It indeed has to do with the order of evaluation.
Haskell, being powered by a STG (Spineless Tagless graph-reduction machine), will move execution from the ‘goal’ back to where it originates.

In this example, it will indeed try to match `[1, n]` with the outcome of `factors n`. Indeed because of laziness is Haskell able to stop once two elements have been read from the output list of `factor`.

However, on the BEAM, we do not have this context-switching between looking at multiple parts of the output. Instead, for an operation like `==` we first evaluate both operands, and then check whether they are equal.

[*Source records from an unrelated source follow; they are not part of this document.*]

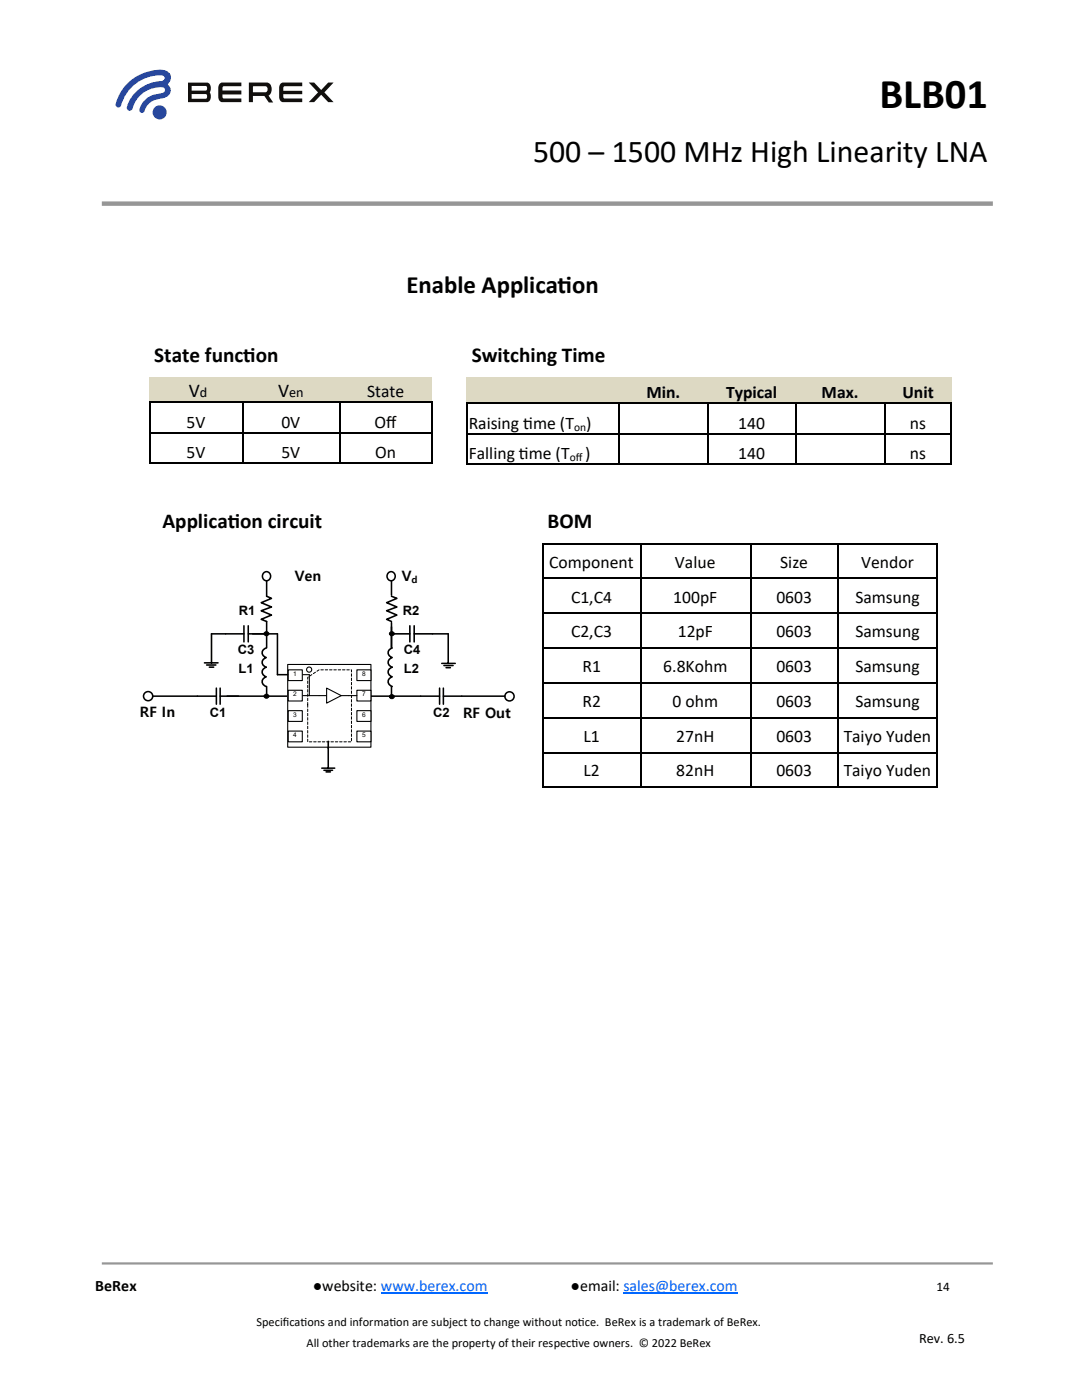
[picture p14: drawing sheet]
<svg xmlns="http://www.w3.org/2000/svg" width="216mm" height="279mm" viewBox="0 0 216 279" stroke-linecap="round" stroke-linejoin="round" font-family="sans-serif">
<defs><g id="words">
<text font-size="8.5" x="175.5" y="21.5">BLB01</text>
<text font-size="6.3" x="106.4" y="32.3">500 – 1500 MHz High Linearity LNA</text>
<g font-size="5">
<text x="81.1" y="58.5">Enable Applicat</text>
<text x="111.3" y="58.5">ion</text>
</g>
<g font-size="4.2">
<text x="30.8" y="72.3">State funct</text>
<text x="48.5" y="72.3">ion</text>
<text x="94.1" y="72.3">Switching Time</text>
<text x="32.4" y="105.3">Applicat</text>
<text x="45.5" y="105.3">ion circuit</text>
<text x="109.3" y="105.3">BOM</text>
</g>
<g font-size="3.9">
<text x="37.7" y="79.2">V</text>
<text x="55.5" y="79.2">V</text>
</g>
<g font-size="3.5">
<text x="73.3" y="79.3">State</text>
<text x="129" y="79.3">Min.</text>
<text x="144.9" y="79.3">Typical</text>
<text x="163.9" y="79.3">Max.</text>
<text x="180.1" y="79.3">Unit</text>
<text x="37.2" y="85.4">5V</text>
<text x="56.1" y="85.4">0V</text>
<text x="74.7" y="85.4">Of</text>
<text x="77.1" y="85.4">f</text>
<text x="93.5" y="85.5">Raising t</text>
<text x="104.4" y="85.5">ime (T )</text>
<text x="147.3" y="85.5">140</text>
<text x="181.6" y="85.5">ns</text>
<text x="37.2" y="91.5">5V</text>
<text x="56.1" y="91.5">5V</text>
<text x="74.9" y="91.5">On</text>
<text x="93.5" y="91.5">Falling t</text>
<text x="103.6" y="91.5">ime (T</text>
<text x="116.7" y="91.5">)</text>
<text x="147.3" y="91.5">140</text>
<text x="181.6" y="91.5">ns</text>
<text x="109.6" y="113.3">Component</text>
<text x="134.7" y="113.3">Value</text>
<text x="155.7" y="113.3">Size</text>
<text x="171.9" y="113.3">Vendor</text>
<text x="113.9" y="120.2">C1,C4</text>
<text x="134.3" y="120.2">100pF</text>
<text x="154.9" y="120.2">0603</text>
<text x="170.7" y="120.2">Samsung</text>
<text x="113.9" y="127.2">C2,C3</text>
<text x="135.2" y="127.2">12pF</text>
<text x="154.9" y="127.2">0603</text>
<text x="170.7" y="127.2">Samsung</text>
<text x="116.2" y="134.2">R1</text>
<text x="132.4" y="134.2">6.8Kohm</text>
<text x="154.9" y="134.2">0603</text>
<text x="170.7" y="134.2">Samsung</text>
<text x="116.2" y="141.1">R2</text>
<text x="134.2" y="141.1">0 ohm</text>
<text x="154.9" y="141.1">0603</text>
<text x="170.7" y="141.1">Samsung</text>
<text x="116.4" y="148.1">L1</text>
<text x="134.9" y="148.1">27nH</text>
<text x="154.9" y="148.1">0603</text>
<text x="168.4" y="148.1">Taiyo Yuden</text>
<text x="116.4" y="155">L2</text>
<text x="134.9" y="155">82nH</text>
<text x="154.9" y="155">0603</text>
<text x="168.4" y="155">Taiyo Yuden</text>
</g>
<g font-size="3.2">
<text x="19" y="257.6">BeRex</text>
<text x="62.4" y="257.6">●website: www.berex.com</text>
<text x="113.9" y="257.6">●email: sales@berex.com</text>
</g>
<g font-size="2.9">
<text x="58.8" y="115.9">Ven</text>
<text x="80.2" y="115.9">V</text>
<text x="27.9" y="143.2">RF In</text>
<text x="92.4" y="143.2">RF Out</text>
</g>
<g font-size="2.8">
<text x="39.9" y="79.2">d</text>
<text x="57.7" y="79.2">en</text>
<text x="183.4" y="268">Rev. 6.5</text>
</g>
<g font-size="2.6">
<text x="47.6" y="122.8">R1</text>
<text x="80.4" y="122.7">R2</text>
<text x="47.4" y="130.6">C3</text>
<text x="80.6" y="130.6">C4</text>
<text x="47.6" y="134.4">L1</text>
<text x="80.6" y="134.4">L2</text>
<text x="41.9" y="143">C1</text>
<text x="86.4" y="143">C2</text>
<text x="59.9" y="145.1">B</text>
<text x="186.9" y="257.6">14</text>
</g>
<g font-size="2.5">
<text x="51.2" y="264.7">Specif</text>
<text x="56.4" y="264.7">icat</text>
<text x="60" y="264.7">ions and informat</text>
<text x="61.2" y="268.7">All other trademarks are the property of their respect</text>
<text x="77.7" y="264.7">ion are subject to change without not</text>
<text x="114" y="268.7">ive owners. © 2022 BeRex</text>
<text x="115.3" y="264.7">ice. BeRex is a trademark of BeRex.</text>
</g>
<g font-size="2.3">
<text x="114.6" y="86">on</text>
<text x="113.7" y="92.1">of</text>
<text x="114.9" y="92.1">f</text>
</g>
<text font-size="1.9" x="82.1" y="116.3">d</text>
<g font-size="1.3">
<text x="58.5" y="134.9">1</text>
<text x="72.3" y="134.9">8</text>
<text x="58.5" y="139">2</text>
<text x="58.5" y="143.1">3</text>
<text x="72.3" y="139">7</text>
<text x="72.3" y="143.1">6</text>
<text x="58.5" y="147.1">4</text>
<text x="72.3" y="147.1">5</text>
</g>
</g></defs>
<circle cx="31.9" cy="22.4" r="1.4" fill="#27479d"/>
<path d="M56.1 16.6l-.4 .7v2l.1 .6 .3 .3 .4 .2h3.8v-.7h-3.5l-.3-.4v-.5h3.8v-.7h-3.8v-.5l.3-.4h3.5v-.7h-3.8zM50.5 17.2h2.4a.62 .62 0 0 1 .5 .6 .62 .62 0 0 1-.5 .6h-2.4zM43.9 16.6l-.3 .7v2l.1 .6 .2 .3 .4 .2h3.9v-.7h-3.5l-.3-.4v-.5h3.8v-.7h-3.8v-.7l.2-.2h3.6v-.7h-3.9zM38.2 17.2h2.8a.52 .52 0 0 1 .3 .4 .52 .52 0 0 1-.3 .5h-2.8zM61.6 16.5l1.9 1.9-1.9 2h1.1l1.4-1.5 1.4 1.5h1.1l-1.9-2 1.9-1.9h-1.1l-1.4 1.5-1.4-1.5zM49.7 16.5v3.9h.8v-1.2h2.3l.8 1.3h.9l-.9-1.4a1.48 1.48 0 0 0-.4-2.6zM37.5 16.5h3.8a1.27 1.27 0 0 1 .6 1.9 1.29 1.29 0 0 1-.6 2h-3.8zM38.2 18.8h2.8a.53 .53 0 0 1 0 .9h-2.8z" fill-rule="evenodd" fill="#110f0d"/>
<path d="M25.5 16.6a9.1 9.1 0 0 1 7.5-2.5 1.53 1.53 0 0 1 1.1 1.2 1.53 1.53 0 0 1-.7 1.5 1.48 1.48 0 0 1 .7 1.6 1.48 1.48 0 0 1-1.2 1.1l-.5 .1a3.6 3.6 0 0 0-3.7 2.7 .54 .54 0 0 1-.6 .2 .54 .54 0 0 1-.3-.7 4.5 4.5 0 0 1 4.4-3.2l.7-.4-.1-.6a4.5 4.5 0 0 0-4.1 .9 6.2 6.2 0 0 0-2.4 3.4 .59 .59 0 0 1-.7 .1 .59 .59 0 0 1-.3-.6 7.6 7.6 0 0 1 7.2-5.3l.4-.5-.4-.5a8.1 8.1 0 0 0-8.4 6.1 .56 .56 0 0 1-.7 .2 .56 .56 0 0 1-.3-.7 9.2 9.2 0 0 1 2.4-4.1z" fill-rule="evenodd" fill="#27479d"/>
<path d="M20.3 40.6h177.8" fill="none" stroke="#969696" stroke-width=".88" stroke-linecap="butt"/>
<path d="M76 258h21.3M124.4 258h22.8" fill="none" stroke="#06f" stroke-width=".21"/>
<path d="M20.3 252.1h177.8" fill="none" stroke="#969696" stroke-width=".44"/>
<g fill="#ddd9c3">
<path d="M93.1 75.3h30.4v5.1h-30.4z" fill-rule="evenodd"/>
<path d="M123.5 75.3h17.7v5.1h-17.7z" fill-rule="evenodd"/>
<path d="M141.2 75.3h17.6v5.1h-17.6z" fill-rule="evenodd"/>
<path d="M158.8 75.3h17.7v5.1h-17.7z" fill-rule="evenodd"/>
<path d="M176.5 75.3h13.5v5.1h-13.5z" fill-rule="evenodd"/>
</g>
<path d="M93.1 80.4h96.8M93.1 92.5h96.8M93.2 80.4v12M93.3 86.5h96.5M123.6 80.5v11.9M141.2 80.5v11.9M158.9 80.5v11.9M176.5 80.5v11.9M189.8 80.4v12" fill="none" stroke="#000" stroke-width=".21"/>
<g fill="#ddd9c3">
<path d="M29.8 75.2h18.6v5.1h-18.6z" fill-rule="evenodd"/>
<path d="M48.4 75.2h19.3v5.1h-19.3z" fill-rule="evenodd"/>
<path d="M67.7 75.2h18.6v5.1h-18.6z" fill-rule="evenodd"/>
</g>
<g fill="none" stroke="#000" stroke-width=".21">
<path d="M29.8 80.3h56.5M29.8 92.4h56.5M29.9 80.3v12.1M30 86.5h56.1M48.4 80.4v12M67.8 80.4v12M86.1 80.3v12.1M108.3 108.6h78.8M108.4 108.5v48.5M108.4 115.4h78.5M127.8 108.6v48.4M149.8 108.6v48.4"/>
<path d="M167.2 108.6v48.4M187 108.5v48.5M108.4 122.4h78.5M108.4 129.3h78.5M108.4 136.3h78.5M108.3 157h78.8M108.4 143.3h78.5M108.4 150.2h78.5"/>
</g>
<path d="M39.4 138.9h3.8M43.2 137.3v3.2M43.9 137.3v3.2M43.9 138.9h3.7M78.1 137v2" fill="none" stroke="#000" stroke-width=".31"/>
<circle cx="29.6" cy="138.9" r=".92" fill="#fff"/>
<g fill="none" stroke="#000" stroke-width=".31">
<path d="M70.7 138.9h17M87.7 137.3v3.2M88.5 137.3v3.2M88.5 138.9h3.6"/>
<circle cx="29.6" cy="138.9" r=".92"/>
</g>
<circle cx="101.7" cy="139" r=".92" fill="#fff"/>
<g fill="none" stroke="#000" stroke-width=".31">
<path d="M45.3 138.9h14.1"/>
<circle cx="101.7" cy="139" r=".92"/>
</g>
<circle cx="53.1" cy="115" r=".86" fill="#fff"/>
<g fill="none" stroke="#000" stroke-width=".31">
<path d="M53.2 115.9v3.1M78.1 115.9v2.9M30.4 138.9h9M45 126.5h3.7M48.7 124.9v3.2M49.5 124.9v3.2M49.5 126.5h5.9v8.1M53.2 124v5.3M53.2 137v2M78.1 124.2v5.1M86.3 126.5h3.1v5.9M88.1 132.4h2.7"/>
<path d="M88.6 132.8h1.8M89 133.3h.9M92.1 138.9h8.7M64.2 153.3h2.6M64.6 153.7h1.8M65.1 154.1h.8M65.5 147.9v5.4"/>
<circle cx="53.1" cy="115" r=".86"/>
</g>
<path d="M53.2 119l1 .4-2.1 .9 2.1 .8-2.1 .8 2.1 .8-2.1 .9 1.1 .4M78.1 119l1.1 .4-2.1 .9 2.1 .8-2.1 .8 2.1 .8-2.1 .9 1 .4M40.8 132.3h2.7M41.2 132.7h1.9M41.8 133.1h.8M42.2 126.5v5.8M53.1 129.3a.97 .97 0 0 0-.8 1 .97 .97 0 0 0 .8 .9 .98 .98 0 0 0-.8 1 .98 .98 0 0 0 .8 1 .97 .97 0 0 0-.8 .9 .97 .97 0 0 0 .8 1 .98 .98 0 0 0-.8 .9 .98 .98 0 0 0 .8 1M78.1 126.5h3.7M78.3 129.3a.97 .97 0 0 0-.9 1 .97 .97 0 0 0 .9 .9 .98 .98 0 0 0-.9 1 .98 .98 0 0 0 .9 1 .97 .97 0 0 0-.9 .9 .97 .97 0 0 0 .9 1 .98 .98 0 0 0-.9 .9 .98 .98 0 0 0 .9 1M81.8 124.9v3.2M82.6 124.9v3.2M82.6 126.5h3.7" fill="none" stroke="#000" stroke-width=".32"/>
<g fill="#000">
<circle cx="53.2" cy="126.5" r=".45"/>
<circle cx="53.2" cy="138.9" r=".45"/>
<circle cx="78.2" cy="126.5" r=".45"/>
<circle cx="78.2" cy="139" r=".45"/>
</g>
<g fill="none" stroke="#000" stroke-width=".2">
<circle cx="53.2" cy="126.5" r=".45"/>
<circle cx="53.2" cy="138.9" r=".45"/>
<circle cx="78.2" cy="126.5" r=".45"/>
<circle cx="78.2" cy="139" r=".45"/>
</g>
<path d="M57.4 132.6h16.6v16.5h-16.6z" fill-rule="evenodd" fill="#fff"/>
<path d="M57.4 132.6h16.6v16.5h-16.6z" fill="none" stroke="#000" stroke-width=".22"/>
<path d="M61.4 135.2l2.3-1.5h6.4v14.3h-8.7z" fill-rule="evenodd" fill="#fff"/>
<path d="M61.4 135.2l2.3-1.5h6.4v14.3h-8.7z" fill="none" stroke="#000" stroke-width=".2" stroke-dasharray=".5 .4"/>
<circle cx="61.7" cy="133.6" r=".51" fill="#fff"/>
<circle cx="61.7" cy="133.6" r=".51" fill="none" stroke="#000" stroke-width=".22"/>
<path d="M57.5 133.7h2.8v2.1h-2.8z" fill-rule="evenodd" fill="#fff"/>
<path d="M57.5 133.7h2.8v2.1h-2.8z" fill="none" stroke="#000" stroke-width=".22"/>
<path d="M57.5 137.8h2.8v2.1h-2.8z" fill-rule="evenodd" fill="#fff"/>
<path d="M57.5 137.8h2.8v2.1h-2.8z" fill="none" stroke="#000" stroke-width=".22"/>
<path d="M57.5 141.8h2.8v2.2h-2.8z" fill-rule="evenodd" fill="#fff"/>
<path d="M57.5 141.8h2.8v2.2h-2.8z" fill="none" stroke="#000" stroke-width=".22"/>
<path d="M57.5 145.9h2.8v2.1h-2.8z" fill-rule="evenodd" fill="#fff"/>
<path d="M57.5 145.9h2.8v2.1h-2.8z" fill="none" stroke="#000" stroke-width=".22"/>
<path d="M71.2 133.7h2.8v2.1h-2.8z" fill-rule="evenodd" fill="#fff"/>
<path d="M71.2 133.7h2.8v2.1h-2.8z" fill="none" stroke="#000" stroke-width=".22"/>
<path d="M71.2 137.8h2.8v2.1h-2.8z" fill-rule="evenodd" fill="#fff"/>
<path d="M71.2 137.8h2.8v2.1h-2.8z" fill="none" stroke="#000" stroke-width=".22"/>
<path d="M71.2 141.8h2.8v2.2h-2.8z" fill-rule="evenodd" fill="#fff"/>
<path d="M71.2 141.8h2.8v2.2h-2.8z" fill="none" stroke="#000" stroke-width=".22"/>
<path d="M71.2 145.9h2.8v2.1h-2.8z" fill-rule="evenodd" fill="#fff"/>
<path d="M60.4 134.6h1.3v4.2M60.4 138.8h10.8M71.2 145.9h2.8v2.1h-2.8z" fill="none" stroke="#000" stroke-width=".22"/>
<path d="M65.5 147.9v1.4" fill="none" stroke="#000" stroke-width=".32"/>
<path d="M42.2 126.5h2.8M50.4 126.5h2.8M55.4 134.6h2" fill="none" stroke="#000" stroke-width=".31"/>
<path d="M65.2 137.3l2.9 1.5-2.9 1.5z" fill="#fff"/>
<path d="M65.2 137.3l2.9 1.5-2.9 1.5z" fill="none" stroke="#000" stroke-width=".22"/>
<circle cx="78" cy="115" r=".86" fill="#fff"/>
<circle cx="78" cy="115" r=".86" fill="none" stroke="#000" stroke-width=".31"/>
<use href="#words"/>
</svg>

The optimization you expect here is (in eager languages) both rather limited in usefulness for practical applications, as well as rather high-level in the sense that as a human it seems obvious but for a compiler it would require many steps of intermediate reasoning.

To make an explicitly lazy implementation in Elixir, you can do this:

``````defmodule LazyExample do
def factor(val) do
# A lazy enumeration of all prime factors of `val`
Stream.filter(1..val, &rem(val, &1) == 0)
end

def prime(val) do
# We force the stream here, but only look at the first two elements.
Enum.take(factor(val), 2) == [1, val]
end

def is_large_number_prime() do
prime(1000000000)
end
end
``````

In this implementation, `prime(1000000000)` will indeed execute very fast.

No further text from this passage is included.